Interconnecting the two chambers A and B is a system of heat exchanges through which the working fluid flows. For the direction A to B, the working fluid passes firstly through the heater tubes 14, next through a regenerator element (not shown but familiar to those skilled in the technology of Stirling Engines) and then through the cooler tubes (again not

shown but familiar to those versed in the art) to end up in chamber B. The working fluid follows the reverse path on its return to A in the next cycle of its oscillation motion. The regenerator is located at the top of the cylinder 11 whereas the cooler tubes are located lower down within the cylinder block 10 (as described in GB-A-2298903). Both cooler tubes and cylinder block 10 are cooled by water which enters and leaves the system via ports 15.

A plunger 17 is connected to the diaphragm 16 to move with the diaphragm 16. The plunger 17 is connected to a linear alternator 18 which is located in a housing 26 defining a bounce chamber 22.
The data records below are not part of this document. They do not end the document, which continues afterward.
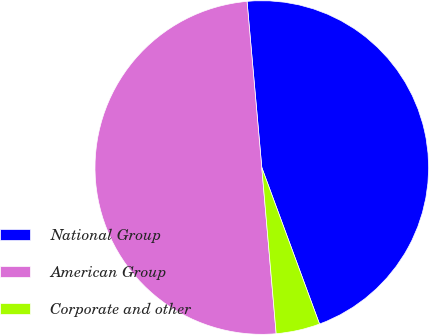Convert chart. <chart><loc_0><loc_0><loc_500><loc_500><pie_chart><fcel>National Group<fcel>American Group<fcel>Corporate and other<nl><fcel>45.78%<fcel>49.96%<fcel>4.25%<nl></chart> 
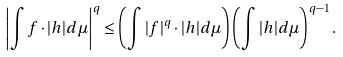<formula> <loc_0><loc_0><loc_500><loc_500>\left | \int f \cdot | h | d \mu \right | ^ { q } \leq \left ( \int | f | ^ { q } \cdot | h | d \mu \right ) \left ( \int | h | d \mu \right ) ^ { q - 1 } .</formula> 
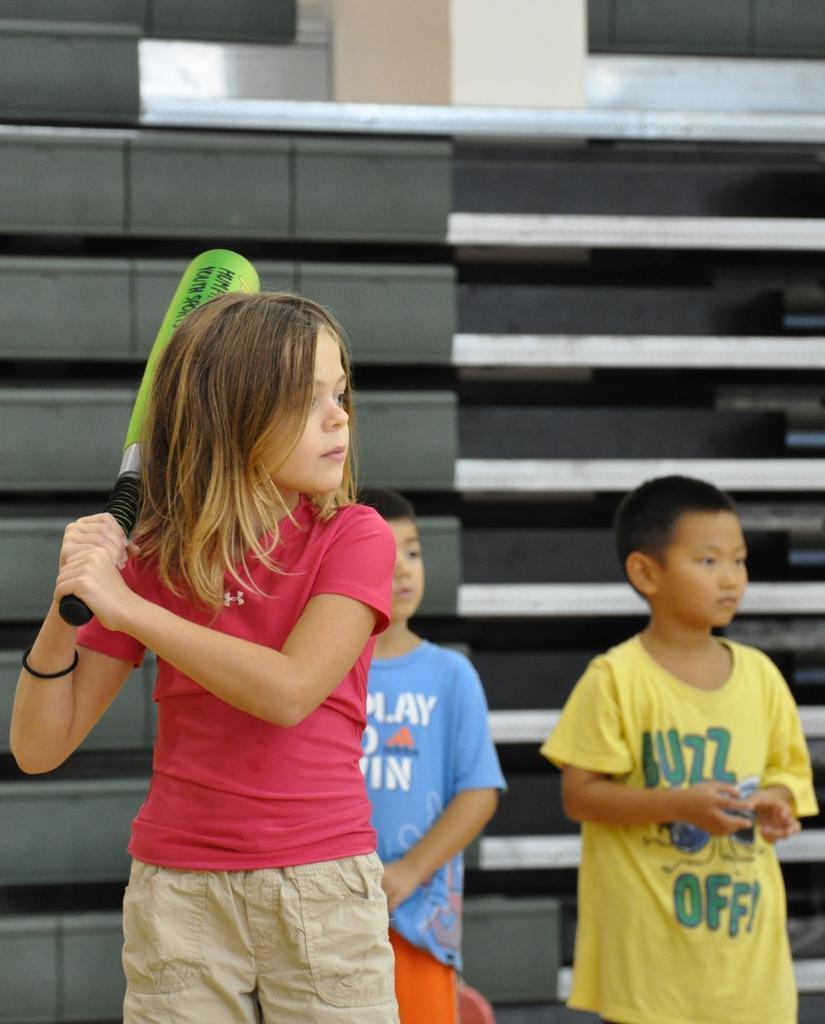Describe this image in one or two sentences. In this picture we can see few kids, on the left side of the image we can see a girl, she is holding a bat, and on the right side of the image we can see a boy, he wore a yellow color T-shirt.

The method of operation of such a Stirling engine is described in particular in GB-A-2298903, on which the embodiment of Fig. 1 is based.

Referring now to Fig. 2, this shows an enlargement of the diaphragm clamping area 19. The diaphragm 16 is clamped between parallel radially extending annular flanges 20,21 provided at a lower end of the cylinder block 10 and an upper end of the alternator housing 22 respectively. Bolts 23 pass through the flanges 20,21 on the diaphragm 16.
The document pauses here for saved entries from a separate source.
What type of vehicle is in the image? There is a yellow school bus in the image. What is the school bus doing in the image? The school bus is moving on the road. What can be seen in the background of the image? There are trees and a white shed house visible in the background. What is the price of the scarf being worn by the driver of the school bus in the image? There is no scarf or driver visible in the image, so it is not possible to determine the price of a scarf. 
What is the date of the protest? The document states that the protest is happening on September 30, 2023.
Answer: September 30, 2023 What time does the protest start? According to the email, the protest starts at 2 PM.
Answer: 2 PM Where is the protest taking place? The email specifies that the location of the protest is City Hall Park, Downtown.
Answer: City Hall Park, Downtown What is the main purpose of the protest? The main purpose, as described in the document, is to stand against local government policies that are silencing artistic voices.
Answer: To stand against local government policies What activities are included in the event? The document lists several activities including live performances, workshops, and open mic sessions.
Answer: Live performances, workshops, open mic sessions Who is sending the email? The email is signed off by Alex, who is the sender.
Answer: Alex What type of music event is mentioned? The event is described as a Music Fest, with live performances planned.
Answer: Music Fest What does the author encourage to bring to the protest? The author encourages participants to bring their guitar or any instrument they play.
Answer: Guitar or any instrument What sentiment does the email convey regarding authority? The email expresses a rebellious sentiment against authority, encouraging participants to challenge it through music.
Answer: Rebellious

Tubular metal spacers 24 are positioned around each bolt 23 to ensure that the correct and equal tightening of the bolt 23 is achieved. The height of each tubular spacer 24 is, as mentioned above, predetermined and is equal to the desired working thickness of the diaphragm 16.

To avoid the problems outlined above, however, and to prevent the occurrence of bulging of the diaphragm 16 and thus permit sealing to high working pressures, the peripheral transverse edge of the diaphragm 16 is covered with a band 25 of a constraining material, such as steel. The band 25 contacts at least a portion of the ends of both flanges 20,21, so as to enclose the periphery of the

diaphragm 16 therebetween. As rubber has a Poisson's constant of nearly 0.5 it is thus relatively incompressible, and so sealing is effective as the band 25 fully encloses the diaphragm 16 both circumferentially and longitudinally.

In a further embodiment, as shown in Fig. 3, it is possible to combine the constraining band 25 with the flange 21 of the alternator housing 26 or (not shown) with the flange 20 of the cylinder housing.

This embodiment may be advantageous in terms of production costs and ease of assembly.

As a further alternative approach, as shown in Fig. 4, the band 25 may also assume the functional role of the tubular metal spacers 24 of Figs. 2 and 3.

Thus the bolts 23 are tightened just sufficiently to compress the rubber diaphragm 16 to the same width as the band 25.

In the same way, tubular spacers 24 may be omitted from the arrangement of Fig. 3 and the band 25, which extends from the alternator housing flange 21, is used to determine the correct diaphragm compression, as shown in Fig. 5. The arrangement of Fig. 5 can also be modified by inverting the arrangement so that the flange 21 is located above the cylinder block 10.

Use of the above-mentioned arrangements allow the inside of the engine to be pressurised to at least 10 bar gauge pressure and higher, whilst the outside of the engine is at atmospheric pressure, with little need for sealing further than that shown above.